Garautha is a Tehsil and a Nagar Panchayat city in district of Jhansi, Uttar Pradesh. The Garautha City is divided into 10 wards for which elections are held every 5 years. Garautha is 80 and 36 km away from Jhansi and Tahrauli. There is also tehseel headquarter. There are some religious places near Garautha as Jharkhand dham,Hanuman mandir,lathator dham ashram.

Geography
Garautha is located at . It has an average elevation of 153 metres (501 feet). The city of Garautha is situated on the banks of Lakheri River.

Demographics
The Garautha Tehsil as per Census 2011 has a population of 233,688 of which 124,934 are males and 108,754 are females.

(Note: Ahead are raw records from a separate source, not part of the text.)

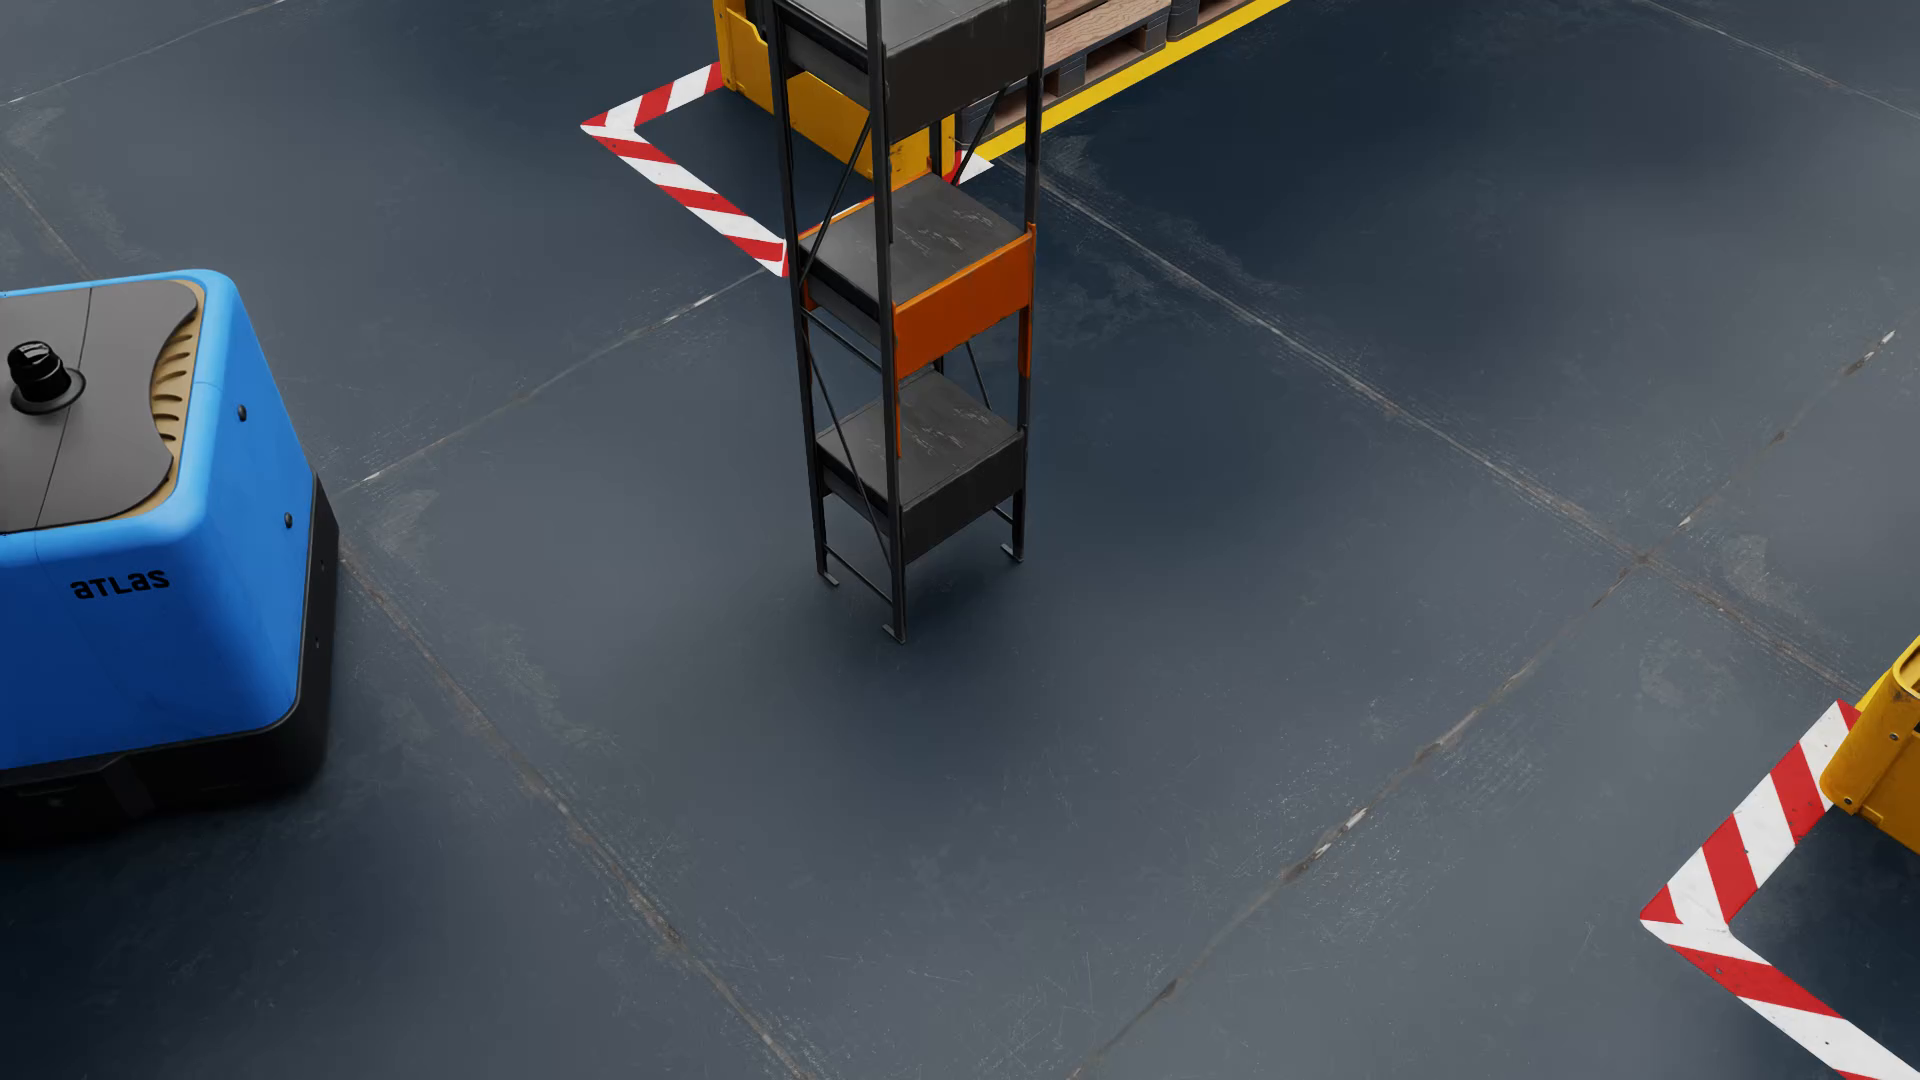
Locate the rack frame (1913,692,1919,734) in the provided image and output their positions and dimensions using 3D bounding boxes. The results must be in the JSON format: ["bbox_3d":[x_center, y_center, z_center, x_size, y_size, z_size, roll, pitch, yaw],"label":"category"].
[{"bbox_3d":[2.824,-0.060,3.264,0.127,3.000,1.000,-34,56,-27],"label":"rack frame"}]

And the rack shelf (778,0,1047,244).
[{"bbox_3d":[-0.122,-1.096,3.898,0.480,0.518,0.431,-34,56,-27],"label":"rack shelf"}]

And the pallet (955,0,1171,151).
[{"bbox_3d":[0.131,-2.196,7.133,1.213,0.211,1.003,-34,56,-27],"label":"pallet"}]

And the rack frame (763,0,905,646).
[{"bbox_3d":[-0.303,-0.510,4.291,0.015,2.100,0.400,-34,56,-27],"label":"rack frame"}]

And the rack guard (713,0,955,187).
[{"bbox_3d":[-0.514,-1.889,6.653,0.348,0.500,1.175,-34,56,-27],"label":"rack guard"}]

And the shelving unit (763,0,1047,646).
[{"bbox_3d":[-0.122,-0.630,4.403,0.503,2.100,0.431,-34,56,-27],"label":"shelving unit"}]

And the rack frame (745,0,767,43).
[{"bbox_3d":[-0.505,-2.755,5.751,0.127,3.000,1.000,-34,56,-27],"label":"rack frame"}]

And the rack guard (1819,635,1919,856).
[{"bbox_3d":[2.880,0.750,4.218,0.348,0.500,1.175,-34,56,-27],"label":"rack guard"}]

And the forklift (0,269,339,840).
[{"bbox_3d":[-3.330,-0.443,3.664,3.031,2.935,1.130,-9,48,-8],"label":"forklift"}]

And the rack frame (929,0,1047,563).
[{"bbox_3d":[0.058,-0.751,4.514,0.015,2.100,0.400,-34,56,-27],"label":"rack frame"}]

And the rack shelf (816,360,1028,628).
[{"bbox_3d":[-0.122,-0.146,4.927,0.480,0.518,0.431,-34,56,-27],"label":"rack shelf"}]

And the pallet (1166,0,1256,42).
[{"bbox_3d":[1.033,-2.797,7.687,1.213,0.211,1.003,-34,56,-27],"label":"pallet"}]

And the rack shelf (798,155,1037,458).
[{"bbox_3d":[-0.122,-0.621,4.413,0.480,0.518,0.431,-34,56,-27],"label":"rack shelf"}]
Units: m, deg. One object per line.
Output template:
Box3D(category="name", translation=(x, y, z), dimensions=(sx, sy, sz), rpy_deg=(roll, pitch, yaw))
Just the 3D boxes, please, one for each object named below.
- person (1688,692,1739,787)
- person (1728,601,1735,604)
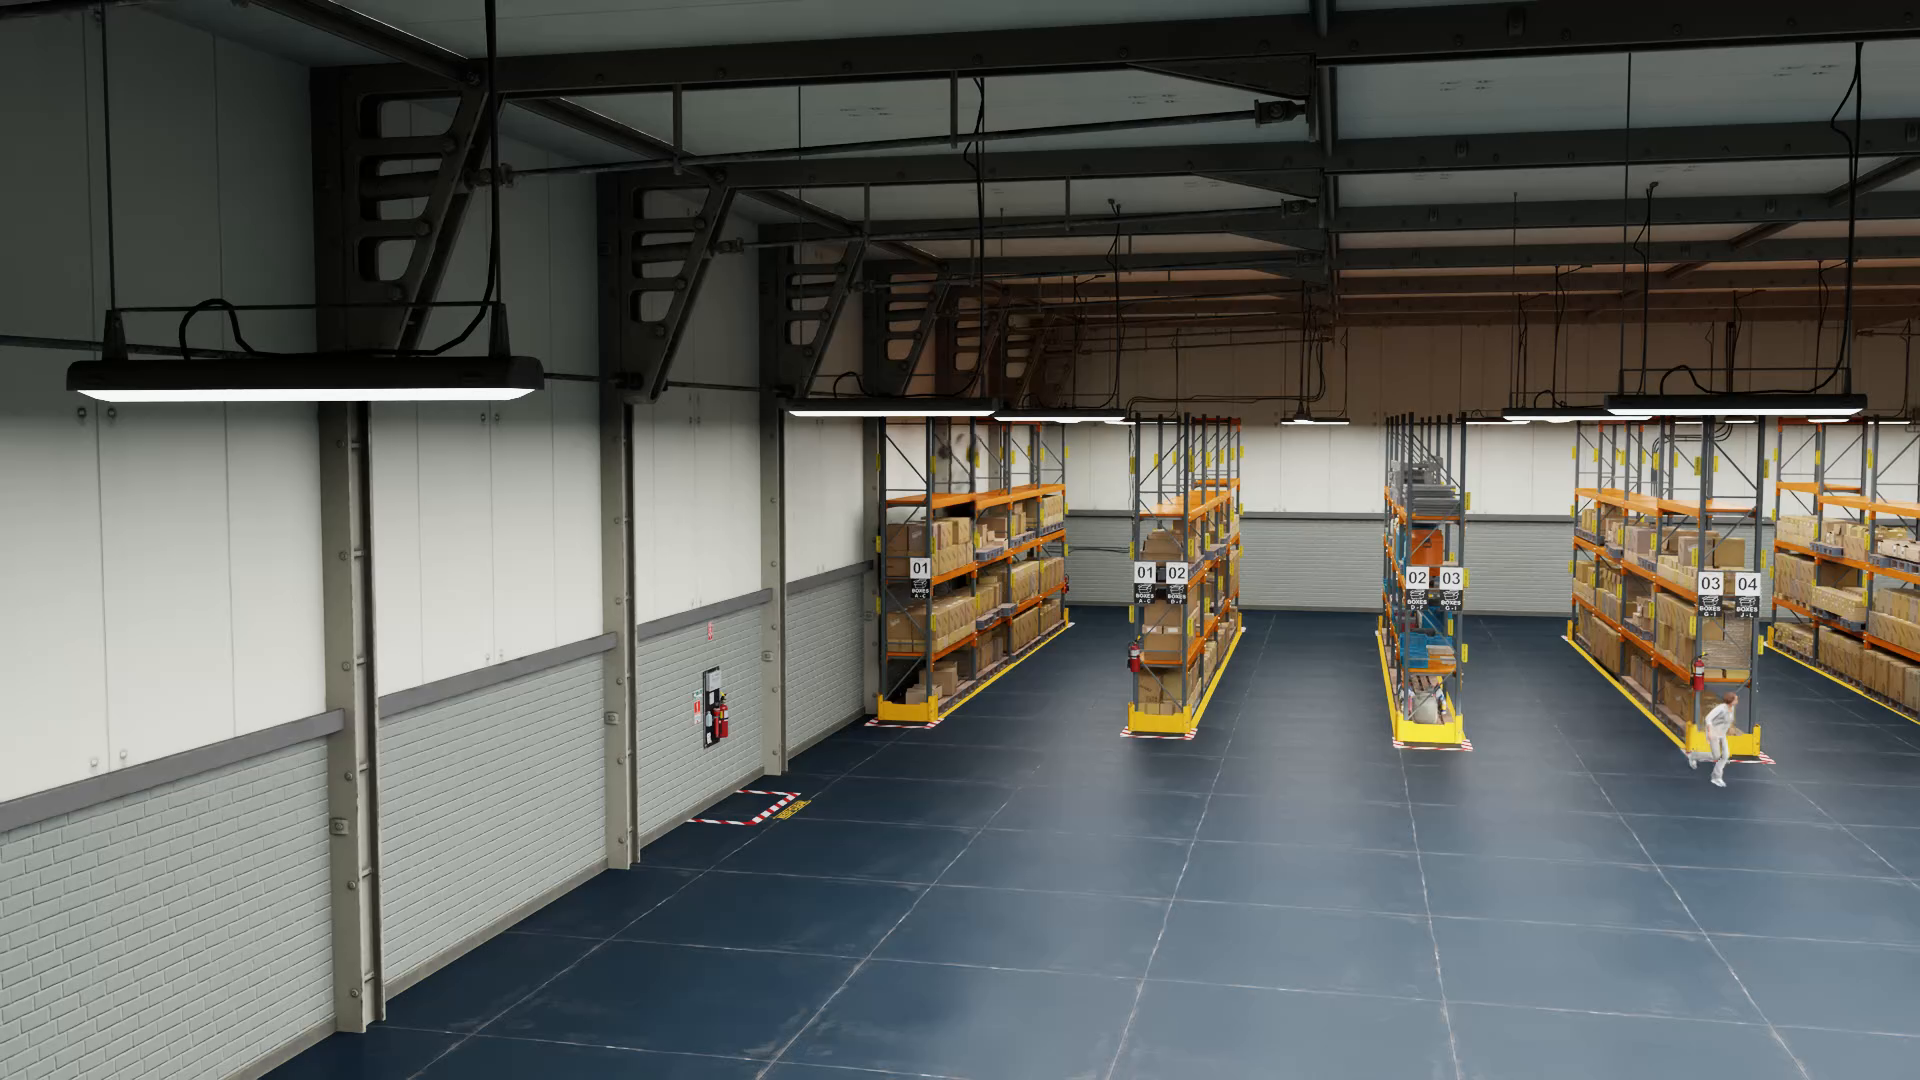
Box3D(category="person", translation=(12.123, 3.187, 26.769), dimensions=(0.537, 1.509, 0.781), rpy_deg=(-3, 5, -41))
Box3D(category="person", translation=(19.940, 1.948, 43.069), dimensions=(0.772, 1.718, 0.897), rpy_deg=(1, 4, 17))

The Garautha Nagar Panchayat has population of 10,807 of which 5,682 are males while 5,125 are females as per report released by Census India 2011. Literacy rate of Garautha Nagar Panchayat is 80.67% higher than state average of 67.68%.

Education 
Education institute providing educations from elementary to graduate degrees are available and functioning in Garautha. The degree colleges at Garautha are affiliated to Bundelkhand University and Schools are affiliated to UP Board and CBSE Board.

Schools 

 Kanya Inter College, Garautha
 Kher Inter College, Gursarai
 Dr. Vijay Foundation School, Garautha
 Akhandanand Janta Inter College School, Garautha
 St. Mary's, Gursarai jhansi
Jay hind mishon inter college Garautha (Jhansi)
Goswami Tulsidas Vidyapeeth Inter College Erach(Jhansi)

Colleges 

 Motibai Rajaram Mahavidyalaya (MBR College)
 Dr Ram Manohar Lohiya Mahila Mahavidyalaya, Gursarai
 Bhagwati Industrial Training Institute (BITI)
 Seth Ramdas memorial mahavidyalay Erach

Politics 
Garautha is a Vidhan Sabha (Legislative Assembly) Constituency.